# Triplets; Peanut, Butter & Jelly All Ready for Spring



## runrgirl22 (Jan 15, 2013)

So, just couldn't resist getting the kids all ready for spirng on such a nice sunny day in Bama. They sure had fun playing around in the yard. 

They were so adorable. Poor Butter wouldn't keep the bunny ears on. Which is totally understandable, right? :crazy::laugh:


----------



## FlyingFeetsFarm (Nov 28, 2012)

So cute! Love it.


----------



## ksalvagno (Oct 6, 2009)

Too cute!


----------



## HerdQueen (Oct 15, 2012)

I put a smile on my face! Too cute!


----------



## Jodi_berg (Oct 29, 2012)

So cute, were a crazy bunch aren't we!!


----------



## IONFarm (Feb 12, 2013)

Those are so precious! I love it!


----------



## runrgirl22 (Jan 15, 2013)

Jodi_berg said:


> So cute, were a crazy bunch aren't we!!


Yes, we are  thanks!


----------



## clearwtrbeach (May 10, 2012)

OMG that is so cute!
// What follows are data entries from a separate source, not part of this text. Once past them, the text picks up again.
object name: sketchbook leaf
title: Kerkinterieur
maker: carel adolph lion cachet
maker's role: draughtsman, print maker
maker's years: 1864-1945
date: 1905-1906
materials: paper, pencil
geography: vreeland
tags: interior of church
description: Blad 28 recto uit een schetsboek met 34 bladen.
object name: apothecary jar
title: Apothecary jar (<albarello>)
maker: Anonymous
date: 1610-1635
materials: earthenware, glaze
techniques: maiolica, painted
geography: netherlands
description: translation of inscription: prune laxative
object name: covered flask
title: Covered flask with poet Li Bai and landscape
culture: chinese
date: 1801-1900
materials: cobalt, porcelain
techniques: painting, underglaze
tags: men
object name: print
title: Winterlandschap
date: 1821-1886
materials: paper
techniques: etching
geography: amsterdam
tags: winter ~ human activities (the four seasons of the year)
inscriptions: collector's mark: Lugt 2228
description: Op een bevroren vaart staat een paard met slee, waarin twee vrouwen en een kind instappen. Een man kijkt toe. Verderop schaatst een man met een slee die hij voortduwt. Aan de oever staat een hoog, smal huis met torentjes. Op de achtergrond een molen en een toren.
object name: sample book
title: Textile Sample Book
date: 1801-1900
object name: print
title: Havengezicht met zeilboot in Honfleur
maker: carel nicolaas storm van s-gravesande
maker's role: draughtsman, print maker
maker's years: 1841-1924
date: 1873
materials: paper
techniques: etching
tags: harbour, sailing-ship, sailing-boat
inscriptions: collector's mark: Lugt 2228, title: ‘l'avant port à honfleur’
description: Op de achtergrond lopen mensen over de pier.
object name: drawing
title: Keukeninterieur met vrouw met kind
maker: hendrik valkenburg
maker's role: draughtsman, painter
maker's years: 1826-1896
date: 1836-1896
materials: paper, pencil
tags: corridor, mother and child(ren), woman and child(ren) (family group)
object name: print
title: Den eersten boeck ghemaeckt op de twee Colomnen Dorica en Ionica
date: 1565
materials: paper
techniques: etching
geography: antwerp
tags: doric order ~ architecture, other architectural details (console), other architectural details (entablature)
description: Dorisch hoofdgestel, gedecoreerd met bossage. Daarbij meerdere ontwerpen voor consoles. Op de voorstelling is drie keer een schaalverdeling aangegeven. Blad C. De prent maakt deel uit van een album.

You could start a little line of clothes.


----------



## JaLyn (Oct 10, 2012)

Adorable!!


----------



## Frosty (Feb 13, 2010)

That is so sweet and they looked like they were into fashion show mode. lol. Love the pictures thanks for sharing.


----------



## WillowGem (Aug 3, 2011)

Oh my gosh...how sweet are they?

That is absolutely precious.


----------



## runrgirl22 (Jan 15, 2013)

Thanks everyone. I SHOULD start a clothing line, but then again not everyone is crazy like me. My companion thinks I have gone off the deep end and keeps trying to convince that they are goats, who is he kidding? I am NOT FALLING for that! LOL!


----------



## Goat Luvr (May 3, 2012)

Oh my goodness! They are absolutely adorable!!!


----------



## michelledew (Feb 11, 2013)

!!!!


----------



## audrey (Jul 17, 2012)

LOL thats beyond cute!


----------